As of the Grant Date, the Company shall grant to Executive 160,000 Restricted
Stock Units (the “Special Incentive Award”), to be settled upon vesting as
Restricted Stock, pursuant to the terms and conditions of the Plan. 20,000 RSUs
will vest on the first, second, and third anniversary of the Grant Date,
respectively, and the remaining 100,000 RSUs will vest on the fourth anniversary
of the Grant Date, and with such other terms and conditions as may be contained
in the grant agreement. Executive must be employed by the Company as of the date
of vesting and must have been continuously employed by the Company from the date
of this grant through the vesting date in order for the RSUs to vest, provided,
however, that all unvested RSUs granted hereunder shall be become fully vested
in the event that the Executive’s service with the Company is terminated prior
to the RSUs becoming fully vested due to Executive’s death or Disability,
termination by the Company for reasons other than Cause, resignation by
Executive for Good Reason or termination by the Company within 24 months
following a Change in Control.
3.    Non-Compete, Non-Solicitation.
(e)    In consideration of the compensation to be paid to Executive hereunder,
Executive acknowledges that during the course of his employment with the Company
and its Subsidiaries he has become familiar with the Company’s trade secrets and
with other Confidential Information concerning the Company and its predecessors
and its Subsidiaries and that his services are of special, unique and
extraordinary value to the Company and its Subsidiaries, and therefore,
Executive agrees that during his employment with the Company and ending on the
end of the Non-compete Period, he shall not directly or indirectly own any
interest in, manage, control, participate in, consult with, render services for,
be employed by, or in any manner associate with or engage in any business
competing with the businesses of the Company or its Subsidiaries, as such
businesses exist or are in process during the his employment with the Company
and on the date of the termination or expiration of his employment with any
Company, within any geographical area in which the Company or its Subsidiaries
engage or plan to engage in such businesses. Nothing herein shall prohibit
Executive from being a passive owner of not more than 5% of the outstanding
stock of any class of a corporation which is publicly traded, so long as
Executive has no active participation in the business of such corporation.
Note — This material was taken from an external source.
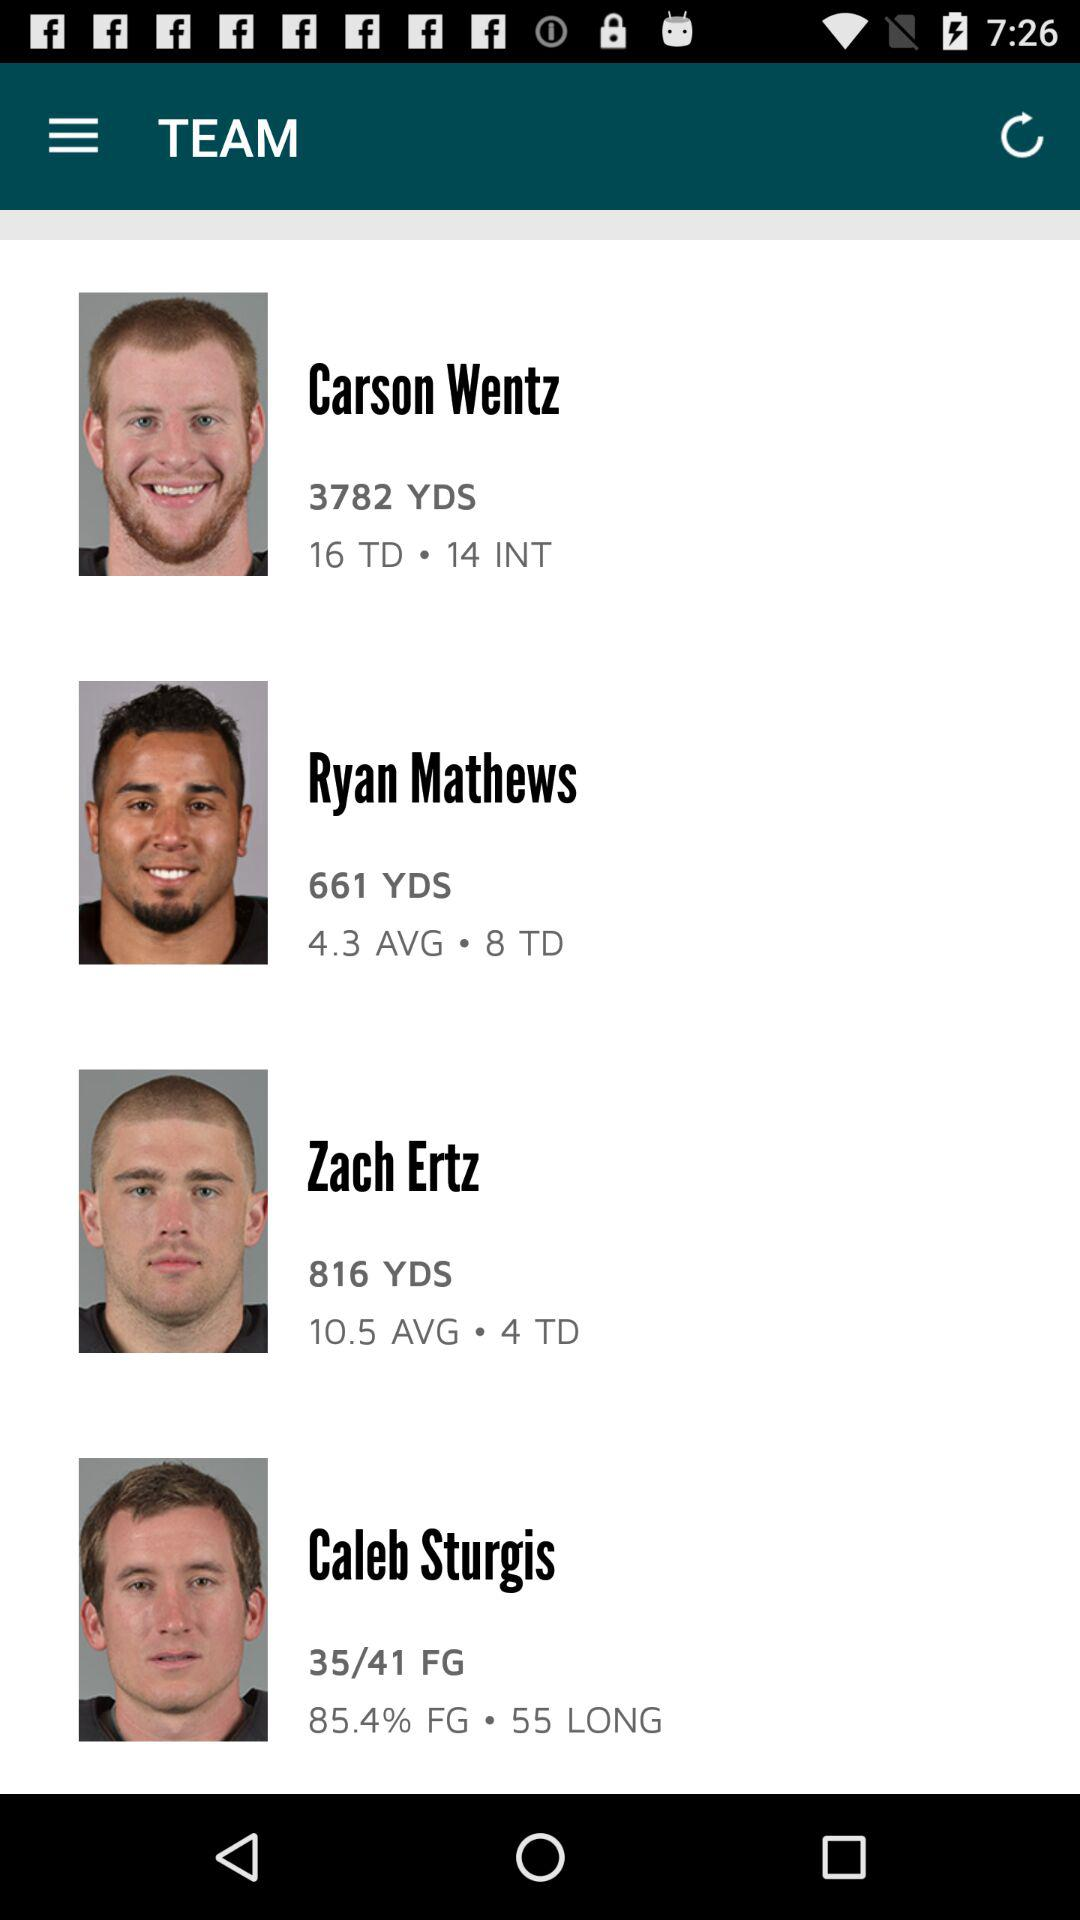How many more receiving yards does Zach Ertz have than Ryan Mathews?
Answer the question using a single word or phrase. 155 
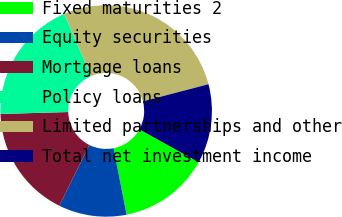Convert chart. <chart><loc_0><loc_0><loc_500><loc_500><pie_chart><fcel>Fixed maturities 2<fcel>Equity securities<fcel>Mortgage loans<fcel>Policy loans<fcel>Limited partnerships and other<fcel>Total net investment income<nl><fcel>13.84%<fcel>10.4%<fcel>17.24%<fcel>18.95%<fcel>27.44%<fcel>12.13%<nl></chart>

(f)    During the Non-compete Period, Executive shall not directly or indirectly
through another person or entity (i) induce or attempt to induce any employee of
the Company or any Subsidiary to leave the employ of the Company or such
Subsidiary, or in any way interfere with the relationship between the Company or
any Subsidiary and any employee thereof, (ii) hire any person who was an
employee of the Company or any Subsidiary at any time during the Employment
Period or (iii) induce or attempt to induce any customer, supplier, licensee,
licensor, franchisee or other business relation of the Company or any Subsidiary
to cease doing business with the Company or such Subsidiary, or in any way
interfere with the relationship between any such customer, supplier, licensee or
business relation and the Company or any Subsidiary (including, without
limitation, making any negative or disparaging statements or communications
regarding the Company or its Subsidiaries).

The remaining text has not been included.